Stakeholder engagement: more than a buzzword
The train has left the station; we are just a little behind. In our latest discussion with Andre Proctor, Co-Founder of Keystone Accountability, and Tom Adams, Co-Founder of 60 Decibels. We considered the elements of meaningful and practical stakeholder engagement as well as the reasons why it is not implemented to the degree required. (Watch the webinar back here.)
The term “stakeholder engagement” is becoming increasingly popular as more organisations strive to do better. However, the practice of stakeholder engagement is not yet refined enough to reach its intended goal of including the well-being of all parties affected in the decision-making process. To start, the elements of “stakeholder engagement” needs to be adequately defined to prevent it from being used as a wishy-washy term that only looks good on paper. This means that a minimum expectation needs to be put in place.
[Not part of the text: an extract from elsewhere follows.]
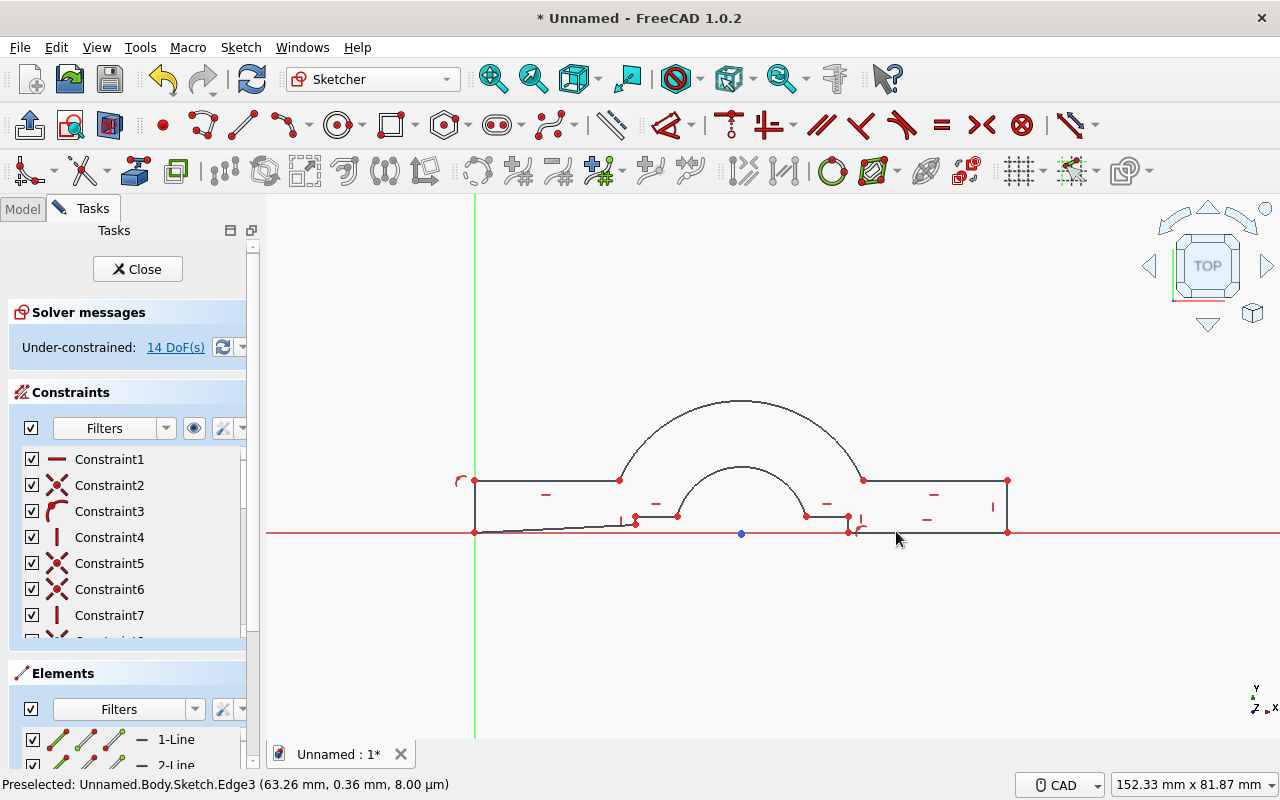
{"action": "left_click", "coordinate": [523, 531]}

Looking at stakeholder engagement practices with a broader lens, another reason for it lagging behind is the data. According to Andre, the data required for meaningful stakeholder engagement is dominated by a handful of professional “data mystifiers”. Who are individuals acting as data gatekeepers who convolute data processes through difficult to understand jargon making it seem unattainable to others. This makes the process of creating and implementing a practical engagement plan seem more complex than it really is. To increase the implementation of meaningful stakeholder engagement practices, more organisations will need to demonstrate that stakeholder engagement is not just a matter of saying it’s being done but looking at its purpose, which is to give individuals power over the decisions that affect them.
Making stakeholder engagement practical with focused surveys
There is a misconception that stakeholder engagement requires long detailed surveys that are implemented once a year. One lean way to effectively engage with stakeholders is to frequently conduct short surveys of between five and six questions on very focused or specific topics. If such surveys are undertaken appropriately, it has the potential to gather a range of collective experiences on outcomes that are most material to those affected.
Moreover, organisations of all sizes are able to implement focused surveys. One can either conduct the surveys yourself or hire a third-party organisation to do it for you. The most important part of the process is investing enough time and effort into the design of the surveys focussing on the “who” and “what” will be asked. Besides valuable insights, engaging with stakeholders is an effective way to manage expectations and increase communication. It opens up space for creative problem solving as more diverse experiences, and knowledge is shared within and across organisations.
As much as meaningful engagement has valuable benefits for organisations, it is not a holy grail solution to all problems; it is more a means to an end. For example, disagreements between stakeholders can occur. Here, the journey is as important as the destination and even if the road is bumpy, it can still result in valuable and meaningful insights. There are many ways to mitigate stakeholder engagement issues and use dissatisfied feedback appropriately. Typically, stakeholder feedback is interpreted by taking averages; however, using standard deviation might be more appropriate. In light of disagreements, it remains essential to track these stakeholder experiences through continuous short and focused engagements.
Overall, we need to get minimum expectations in place to raise the bar when speaking about and implementing stakeholder engagement. Meaningful engagement needs to transition from being just a buzzword to being the new norm. Although there is no one-size-fits-all solution, every organisation can take that leap forward; by conducting focussed surveys as the first step towards efficient but meaningful stakeholder engagement.